LMN signs tend to have a longer recovery...and as with any myelopathy - patients

with alterations in pain perception (especially when the intumescence is

affected) tend to have a more guarded prognosis. Here is a bit from DeLahunta's

book... Hope this helps!

Kube, DVM

DACVIM (Neurology)

" FCEM is a spinal cord lesion that is common in dogs but is uncommon in other

species of domestic animals.* It is most common in young adult dogs of the

larger breeds but it can occur as young as 3 months of age and it is common in

the miniature schnauzer, Labrador retriever, and boxer breeds, in our

experience. The clinical signs are peracute in onset and usually stabilize

within 24 hours. Rarely, clinical signs may progress for 48 hours. Following

that, there is no further progression or there is improvement, depending on the

degree of ischemia or infarction that has occurred. The source of the

fibrocartilage is assumed to be the intervertebral disk that is undergoing

degeneration. This embolic fibrocartilage has the same collagen type that is

found in the nucleus pulposus. How this degenerate fibrocartilage gains access

to the spinal cord vasculature remains speculative. These emboli are more common

in small arteries but also can be found in veins. Arteriovenous anastomoses do

occur in the blood supply of the spinal cord and have been implicated in the

distribution of the emboli. Protrusion of degenerate disk material into the

adjacent ventral internal vertebral venous plexus has occasionally been observed

at necropsy. It has been suggested that the normally avascular intervertebral

disk is invaded by new growth of arteries when degeneration occurs in the

annulus fibrosis and this is a route for these emboli to enter the arterial

vasculature. We find this mechanism difficult to accept. In humans, degenerate

intervertebral disk material can protrude into the adjacent vertebral body where

there is ready access to the blood vessels in the marrow of the vertebra. One

route of venous drainage from this marrow is into the ventral internal vertebral

venous plexus within the vertebral canal. These intramedullary protrusions are

referred to as Schmorl nodes. They are rare, or at least rarely identified in

dogs, which may be because of dogs' quadruped posture and the thick layer of

cortical bone that is adjacent to the intervertebral disk. Reverse venous blood

flow may be involved in the distribution of these emboli. Whenever an animal

strains by contracting its trunk muscles with the glottis closed, the increased

pressure in the thorax and abdomen interferes with the venous return to the

heart and forces the venous blood into the vertebral venous plexus. This is the

Valsalva maneuver, and it may play a role in the ability of these emboli to gain

access to the spinal cord vasculature. The involvement of the intervertebral

disk as the source of these emboli is also supported by the observation that

these lesions occur primarily in the spinal cord. One report of brainstem

lesions with fibrocartilaginous emboli indicated a possible source of emboli

from cervical intervertebral disks.5 Magnetic resonance (MR) imaging often shows

intervertebral disk degeneration at the level of the FCEM lesion in the spinal

cord. These FCEM lesions can be unilateral or bilateral at any level of the

spinal cord, and they affect various combinations of the gray and white

matter. The lesions are usually limited to a few adjacent spinal cord segments.

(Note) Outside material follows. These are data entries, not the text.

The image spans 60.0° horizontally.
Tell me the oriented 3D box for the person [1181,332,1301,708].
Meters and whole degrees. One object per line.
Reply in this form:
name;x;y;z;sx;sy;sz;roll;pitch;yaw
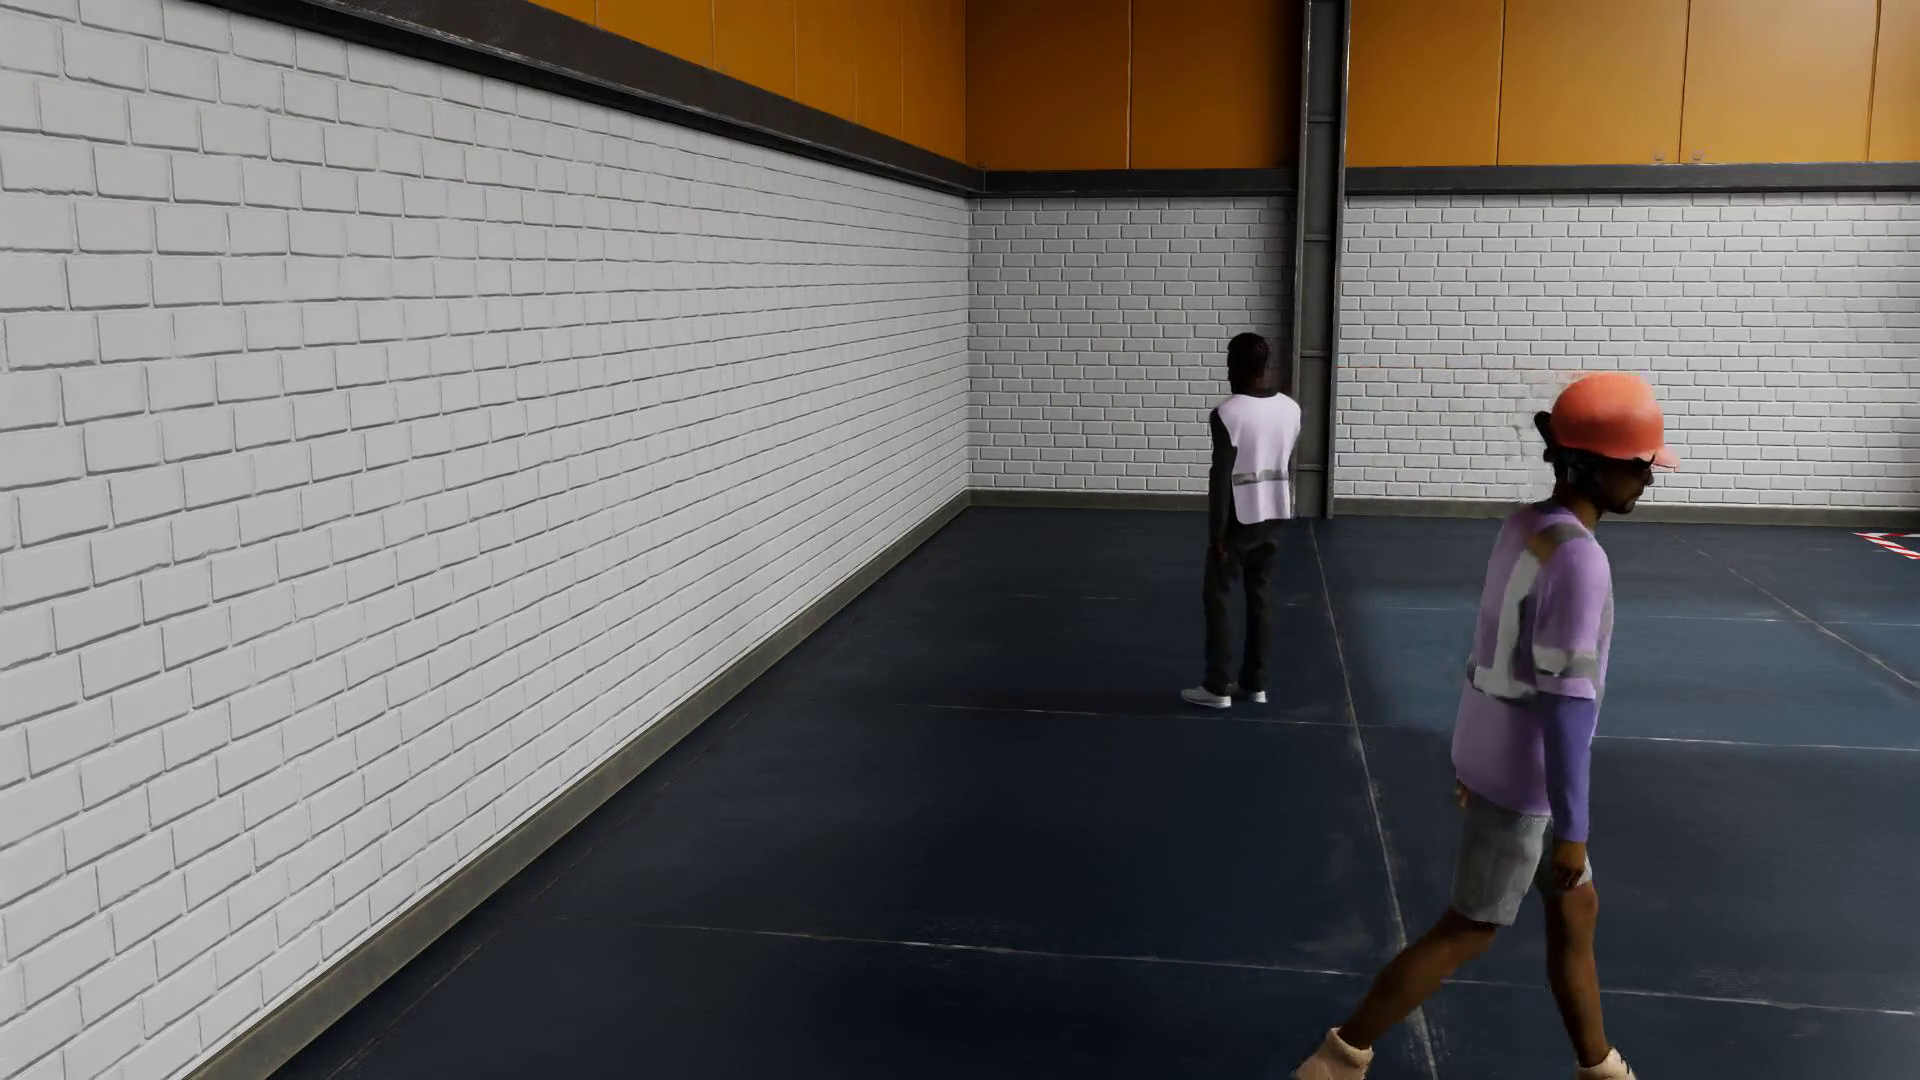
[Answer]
person;1.463;-0.093;8.476;0.607;1.914;0.460;-6;11;-33

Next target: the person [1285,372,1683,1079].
person;1.350;0.568;4.169;1.047;1.990;0.663;2;9;10

There are many examples in the following case examples that involve the various

regions of the spinal cord. Caudal brainstem signs are rare and probably are

associated with emboli arising from the cervical intervertebral disks.

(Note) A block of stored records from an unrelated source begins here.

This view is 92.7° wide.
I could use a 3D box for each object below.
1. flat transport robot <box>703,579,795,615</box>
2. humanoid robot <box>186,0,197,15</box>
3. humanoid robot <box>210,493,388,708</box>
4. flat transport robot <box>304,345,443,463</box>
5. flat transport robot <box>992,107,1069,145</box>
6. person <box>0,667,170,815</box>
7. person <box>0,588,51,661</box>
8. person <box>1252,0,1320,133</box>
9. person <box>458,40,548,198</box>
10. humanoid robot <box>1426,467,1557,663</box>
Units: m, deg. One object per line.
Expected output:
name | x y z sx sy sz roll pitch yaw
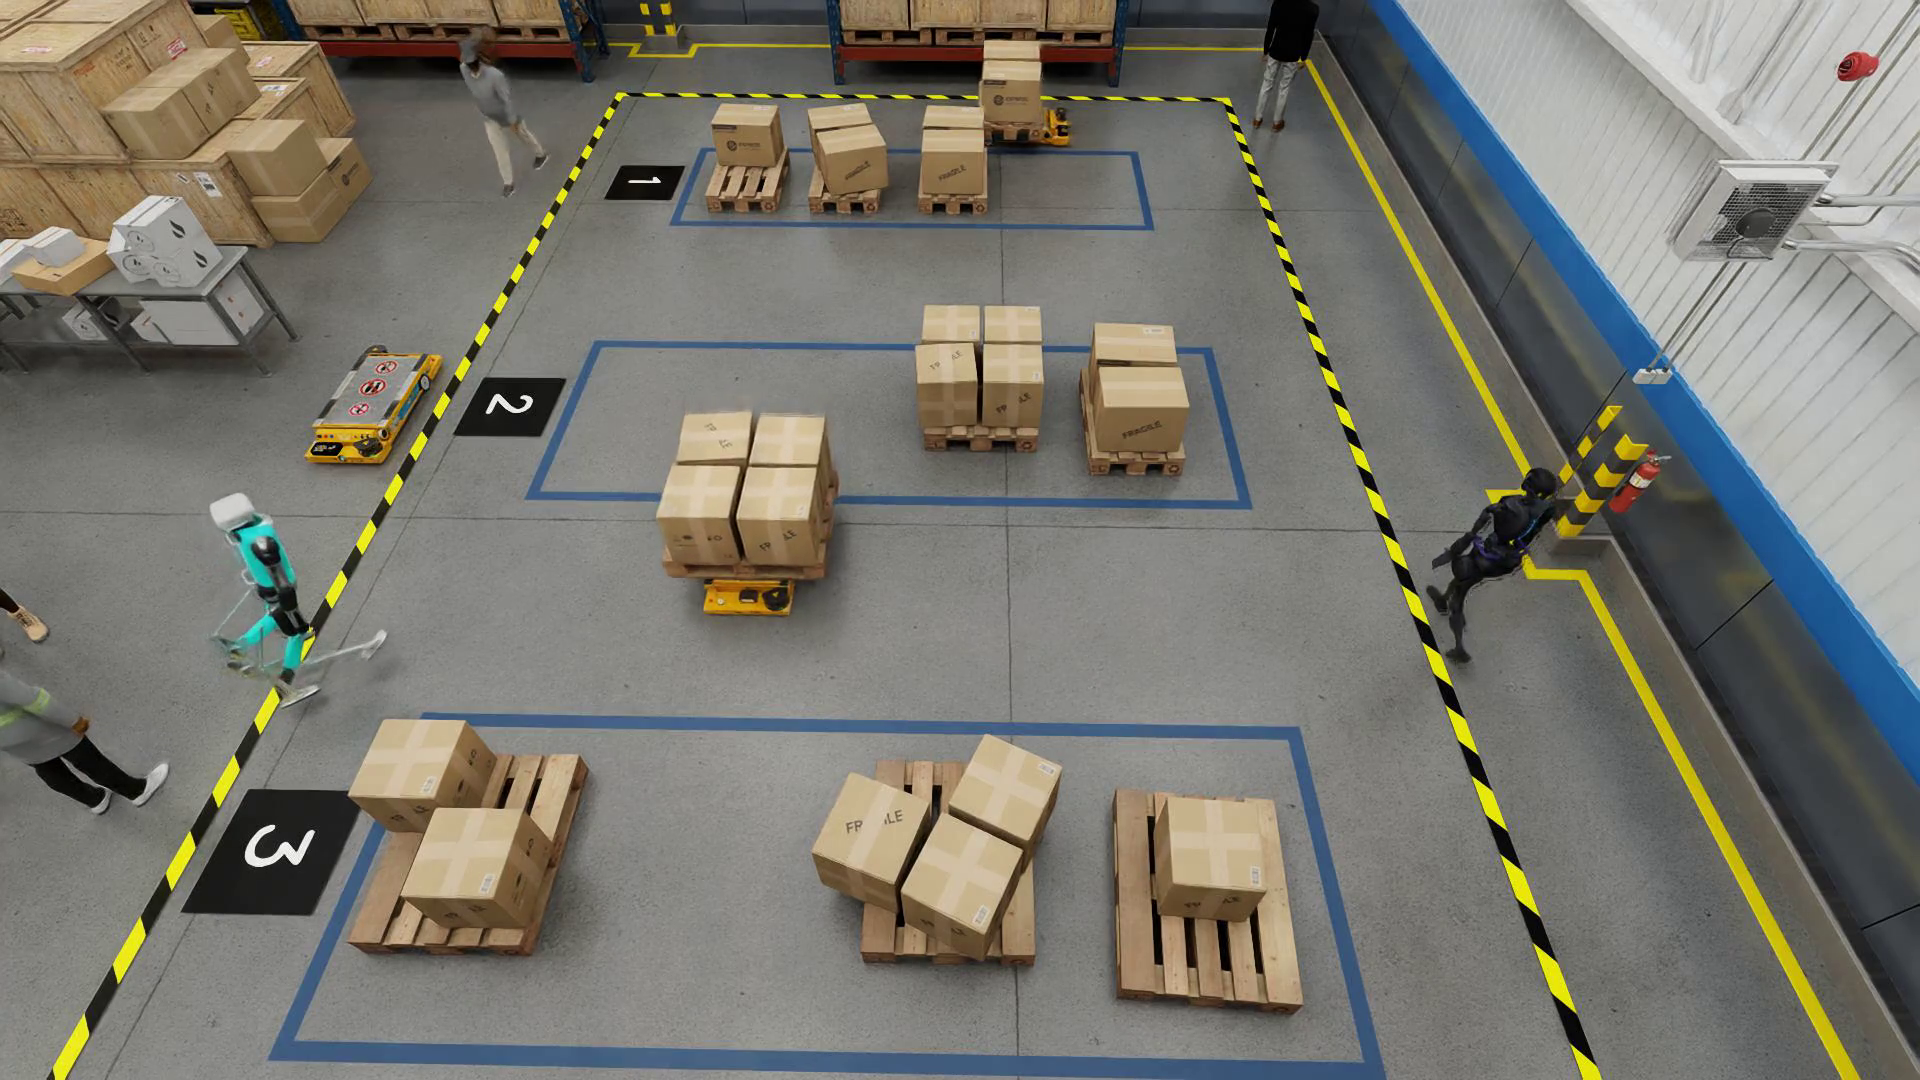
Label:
flat transport robot | -1.611 -0.030 7.375 0.652 0.197 1.431 1 50 1
humanoid robot | -9.939 -6.398 11.863 0.562 1.631 0.608 0 50 0
humanoid robot | -4.556 0.517 5.963 0.553 1.701 1.010 36 59 27
flat transport robot | -5.383 -1.269 8.441 0.659 0.231 1.431 1 50 1
flat transport robot | 0.685 -5.389 11.909 1.431 0.197 0.652 1 50 1
person | -5.549 1.067 5.427 0.597 1.850 0.396 -7 50 -6
person | -7.075 0.129 6.106 0.607 2.035 0.407 -35 58 -26
person | 4.063 -6.082 11.456 0.585 1.884 0.362 22 53 17
person | -5.320 -4.976 10.642 0.570 1.689 0.987 7 50 6
humanoid robot | 3.678 0.156 6.346 0.589 1.654 0.738 -6 50 -5

Because of the extensive collateral circulation to the spinal cord (Fig. 10-4),

multiple blood vessels must be compromised to cause the degree of infarction and

severe clinical signs seen in dogs similar to Brittney. This suggests that a

sudden shower of emboli must occur at one time. At necropsy, these emboli can be

found in many blood vessels in or near the lesions. Usually, this shower affects

the blood vessels to a few adjacent spinal cord segments and the associated

lesions often are scattered and asymmetric within these segments. Thus, the

clinical signs are usually focal and often asymmetric, as seen in Brittney. FCEM

may be much more common than we realize and not be extensive enough to cause

clinical signs or cause only transient clinical signs. Most veterinarians have

had the experience of being called by a distraught owner who has just found

their pet dog collapsed and unable to stand, but by the time the dog arrives at

the hospital for examination, the dog is walking normally. We believe that some

of these transient episodes of collapse may be due to transient spinal cord

ischemia caused by FCEM.

Many dogs in which you make this clinical diagnosis will recover spontaneously.

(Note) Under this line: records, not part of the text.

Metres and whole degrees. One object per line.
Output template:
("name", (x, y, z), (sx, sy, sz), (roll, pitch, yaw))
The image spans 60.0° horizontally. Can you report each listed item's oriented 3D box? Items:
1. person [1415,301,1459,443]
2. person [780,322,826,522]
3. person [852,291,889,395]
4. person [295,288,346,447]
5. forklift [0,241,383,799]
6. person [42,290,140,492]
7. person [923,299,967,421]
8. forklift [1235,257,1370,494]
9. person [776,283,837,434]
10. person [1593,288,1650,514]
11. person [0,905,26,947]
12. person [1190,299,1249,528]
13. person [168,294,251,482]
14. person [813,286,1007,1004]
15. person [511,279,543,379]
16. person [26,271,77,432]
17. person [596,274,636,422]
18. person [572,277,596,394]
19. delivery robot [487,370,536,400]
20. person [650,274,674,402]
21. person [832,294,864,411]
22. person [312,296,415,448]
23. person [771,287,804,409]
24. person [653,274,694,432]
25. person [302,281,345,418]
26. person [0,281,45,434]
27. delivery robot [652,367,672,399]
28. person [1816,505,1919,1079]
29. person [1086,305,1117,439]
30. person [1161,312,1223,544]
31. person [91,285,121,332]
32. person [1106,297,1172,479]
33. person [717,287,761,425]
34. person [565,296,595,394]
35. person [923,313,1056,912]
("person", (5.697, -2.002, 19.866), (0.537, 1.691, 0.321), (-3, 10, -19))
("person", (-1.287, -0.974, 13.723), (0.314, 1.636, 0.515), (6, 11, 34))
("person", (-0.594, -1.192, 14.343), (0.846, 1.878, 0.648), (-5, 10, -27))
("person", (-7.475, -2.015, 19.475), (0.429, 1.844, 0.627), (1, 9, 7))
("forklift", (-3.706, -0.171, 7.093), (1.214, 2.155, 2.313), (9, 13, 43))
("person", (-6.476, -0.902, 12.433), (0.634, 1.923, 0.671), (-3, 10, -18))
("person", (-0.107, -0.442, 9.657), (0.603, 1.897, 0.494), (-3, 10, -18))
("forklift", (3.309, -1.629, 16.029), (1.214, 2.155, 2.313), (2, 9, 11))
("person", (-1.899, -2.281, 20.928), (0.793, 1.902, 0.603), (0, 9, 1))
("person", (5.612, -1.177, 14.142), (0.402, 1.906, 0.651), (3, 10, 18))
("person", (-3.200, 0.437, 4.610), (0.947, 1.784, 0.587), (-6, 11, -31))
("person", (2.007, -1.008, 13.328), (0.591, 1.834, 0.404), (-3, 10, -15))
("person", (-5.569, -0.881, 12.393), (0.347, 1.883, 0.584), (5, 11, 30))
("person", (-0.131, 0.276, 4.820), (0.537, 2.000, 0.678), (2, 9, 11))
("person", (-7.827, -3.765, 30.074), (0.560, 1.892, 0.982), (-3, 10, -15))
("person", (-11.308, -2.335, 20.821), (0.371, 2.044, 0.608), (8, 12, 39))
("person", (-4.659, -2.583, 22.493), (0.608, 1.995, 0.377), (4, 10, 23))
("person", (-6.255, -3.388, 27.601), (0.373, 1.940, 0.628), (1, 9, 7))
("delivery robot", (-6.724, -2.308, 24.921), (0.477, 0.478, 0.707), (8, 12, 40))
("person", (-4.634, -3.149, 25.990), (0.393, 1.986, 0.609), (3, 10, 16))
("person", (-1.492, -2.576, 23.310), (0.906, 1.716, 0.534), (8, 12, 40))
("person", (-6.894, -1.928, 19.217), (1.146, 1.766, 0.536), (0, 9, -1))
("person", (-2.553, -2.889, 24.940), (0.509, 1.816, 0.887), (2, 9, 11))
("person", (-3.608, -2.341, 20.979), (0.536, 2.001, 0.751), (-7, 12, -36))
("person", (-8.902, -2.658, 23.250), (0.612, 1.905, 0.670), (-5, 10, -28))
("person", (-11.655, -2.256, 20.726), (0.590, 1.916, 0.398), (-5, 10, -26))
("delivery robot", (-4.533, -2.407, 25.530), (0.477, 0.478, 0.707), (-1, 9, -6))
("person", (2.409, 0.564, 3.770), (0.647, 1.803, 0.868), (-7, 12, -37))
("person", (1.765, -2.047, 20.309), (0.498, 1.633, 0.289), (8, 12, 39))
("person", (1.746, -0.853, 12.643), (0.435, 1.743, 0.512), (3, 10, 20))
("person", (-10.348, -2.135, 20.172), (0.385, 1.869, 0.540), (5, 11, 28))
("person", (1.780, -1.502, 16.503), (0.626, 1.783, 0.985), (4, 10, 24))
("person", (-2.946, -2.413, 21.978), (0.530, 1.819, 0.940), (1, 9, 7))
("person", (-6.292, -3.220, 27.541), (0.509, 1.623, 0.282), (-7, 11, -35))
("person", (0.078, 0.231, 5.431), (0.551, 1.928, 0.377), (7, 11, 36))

This is more common in dogs with paresis and ataxia due to interruption of the

UMN and GP pathways. The more severe the involvement of the gray matter in the

intumescences, the more guarded the prognosis. As a rule of thumb, if there are

no signs of improvement in 10 to 14 days after the onset of clinical signs, it

is unlikely that any recovery will occur. In a few patients, after an initial

mild improvement, there may be a period of weeks before they rapidly regain the

ability to walk. We

usually tell owners that it may take up to 10 weeks before final improvement

occurs.

An interesting observation is that FCEM is very rare in the chondrodystrophic

breeds in which the chondroid metaplastic form of intervertebral disk

degeneration is so common. FCEM also is observed in dogs as young as 3 months of

age in which you do not expect intervertebral disk degeneration to occur. In

these young dogs, the source of cartilage may be the vertebral growth plates.

Often, there is an associated history of mild trauma such as a sudden fall or

vigorous playing and jumping as with catching a frisbee. This relationship

between young age and vigorous handling is associated with FCEM in young feeder

pigs; it occurs during their transportation in crowded trucks. "

> >

> > Hello to all, I'm a new member and a spinal surgeon (for humans).

> > Trying to understand the Dx of FCE. In humans, we recognize embolic

> > events to the brain frequently but embolic disease to the cord is

> > extremely rare. Can anyone explain the pathophysiogy of how the

> > fibrocartilagenous debris finds it way to the cord vasculature? Is

> > there any disagreement regarding the validity of the Dx? Thank you

> >

>

March 25, 2012

Hi All

I have a breeder client of irish Wolfhounds and there seems to be a predisposition of IW puppies at around 8-12 weeks of age. Any ideas? They have classic FCE signs and tend to get better although a few have longterm deficits.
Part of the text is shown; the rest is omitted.